On top of a hill, a simple temple rests with its doors wide open to those that wish to enter, waiting for people to gather inside as usual. The difference about this day however was that today was the date that those that have answered the call to help mend and cure the Godbeasts would gather to join the lone woman that called out for assistance in her journey.

Sitting before the simple alter, she waits for them to arrive, back to the door and head bowed in prayer to the Spirit of Unity.


----------



## Thorne (Oct 18, 2011)

Hethez looked really out of place.
Truth be told, he had surprised the emperor when he said he wanted to go on a journey. His kind had lived fairly isolated for as long as was remembered and records of an Anraje leaving their lands were far and few in between.

But Hethez knew he had to leave, he had felt it; the elements had told him.

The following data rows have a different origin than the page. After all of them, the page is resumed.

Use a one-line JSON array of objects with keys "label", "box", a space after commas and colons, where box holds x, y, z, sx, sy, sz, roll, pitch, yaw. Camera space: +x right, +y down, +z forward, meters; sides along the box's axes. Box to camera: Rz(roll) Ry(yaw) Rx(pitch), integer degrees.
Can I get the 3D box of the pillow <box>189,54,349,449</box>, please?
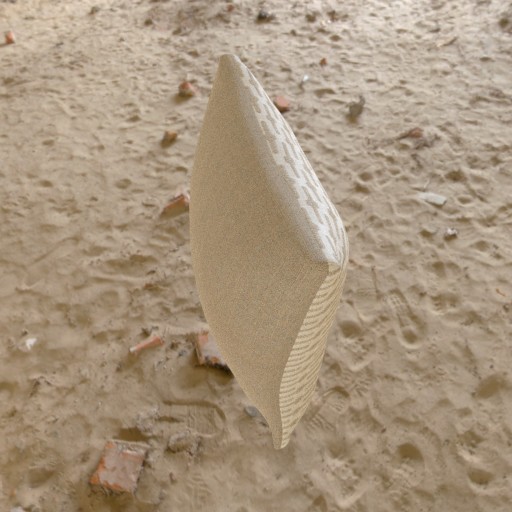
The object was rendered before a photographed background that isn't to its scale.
[{"label": "pillow", "box": [0.000, 0.000, 0.769, 0.219, 0.491, 0.496, -10, 49, -9]}]
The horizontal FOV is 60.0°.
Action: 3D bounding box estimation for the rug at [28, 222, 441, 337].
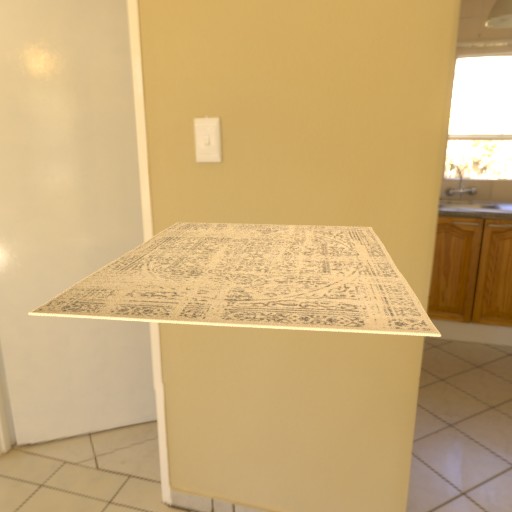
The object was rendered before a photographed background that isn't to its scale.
[{"bbox_3d":[0.000,0.000,3.819,2.311,0.032,2.921,2,15,7],"label":"rug"}]
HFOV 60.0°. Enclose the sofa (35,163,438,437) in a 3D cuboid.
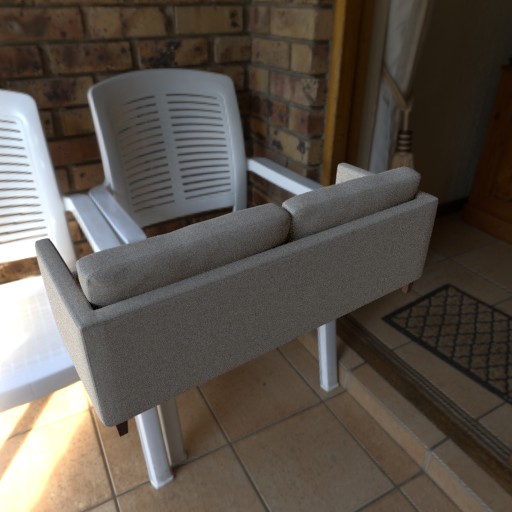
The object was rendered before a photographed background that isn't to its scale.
[{"bbox_3d":[0.000,0.000,2.885,2.434,0.965,0.951,-19,35,-29],"label":"sofa"}]
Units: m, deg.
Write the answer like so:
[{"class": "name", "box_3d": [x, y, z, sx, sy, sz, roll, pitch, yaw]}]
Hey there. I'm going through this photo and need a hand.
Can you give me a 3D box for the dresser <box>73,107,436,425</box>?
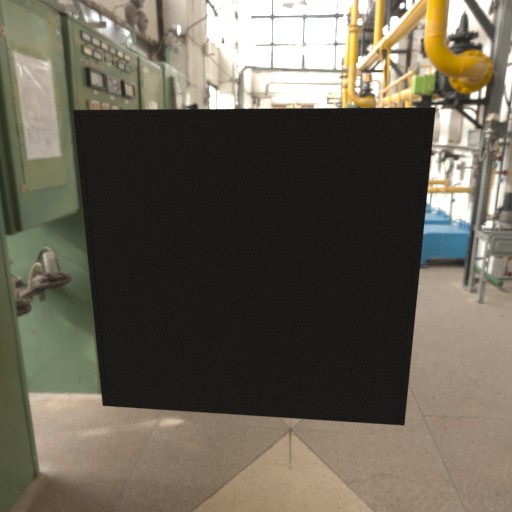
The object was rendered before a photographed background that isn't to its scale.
[{"class": "dresser", "box_3d": [0.000, 0.000, 1.174, 0.750, 0.720, 0.360, 2, 15, 6]}]
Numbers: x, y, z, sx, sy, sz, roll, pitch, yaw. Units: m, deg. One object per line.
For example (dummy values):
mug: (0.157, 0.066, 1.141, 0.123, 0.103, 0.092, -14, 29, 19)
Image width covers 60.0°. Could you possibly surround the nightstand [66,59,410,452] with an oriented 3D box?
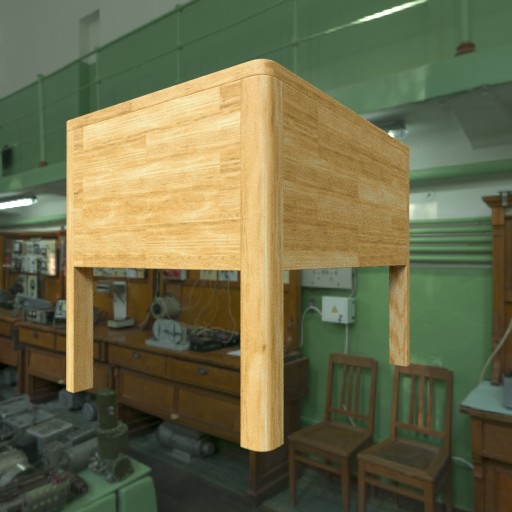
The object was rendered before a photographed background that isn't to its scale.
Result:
nightstand: (0.000, 0.000, 0.877, 0.440, 0.470, 0.560, 0, 0, 36)
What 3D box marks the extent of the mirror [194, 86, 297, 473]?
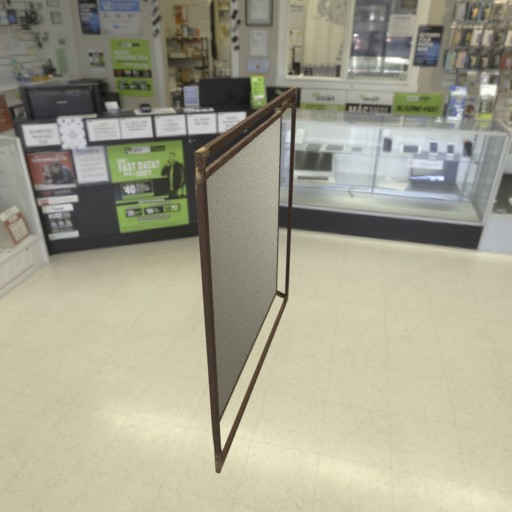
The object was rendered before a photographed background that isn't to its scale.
[{"bbox_3d":[0.000,0.000,0.952,0.032,0.610,0.610,8,29,14],"label":"mirror"}]

He was thankful when the emperor had shown support for his cause and provided him with supplies for his journey.

He was now sitting on a bench, attracting the attention of several passers-by. He was not dressed for the weather, with his decorated chest completely exposed and as a matter of fact, Hethez did actually find it rather chilly; he had simply learned to not let it bother him.

He took a last bite out of a piece of dried meat, casually throwing the leftovers to the ground as he contemplated the fact that it didn't taste very gpod. He grabbed a hold of his staff and he pushed himself up, it's chimes quietly playing their little melody as he moved it. And then he start moving towards the temple he saw in the distance. He didn't actually know if that was were he needed to be, but he had this feeling it was.

He usually had "this feeling" and it was usually right.


----------



## Black Yoshi (Oct 19, 2011)

Waylon sat not on a seat, but on the floor with a seat he found as a legrest far higher than his head. The position looked uncomfortable, but he found it rather enjoyable. _Surely there is someone else they've sent. Some officials, professionally trained soldiers. Investigators of some sort. Perhaps we're only here as a scapegoat, because those sent before us were secretive, and we're the ridiculous ones to take the credit. Or maybe they're so frightened, they really are willing to turn this kind of thing over to anyone who's willing... Would that really be fear? Precaution? Huh._ He looked around him. So many were here, and he figured that comparitively few would make the journey. It was in the nature of sentient races to be curious. 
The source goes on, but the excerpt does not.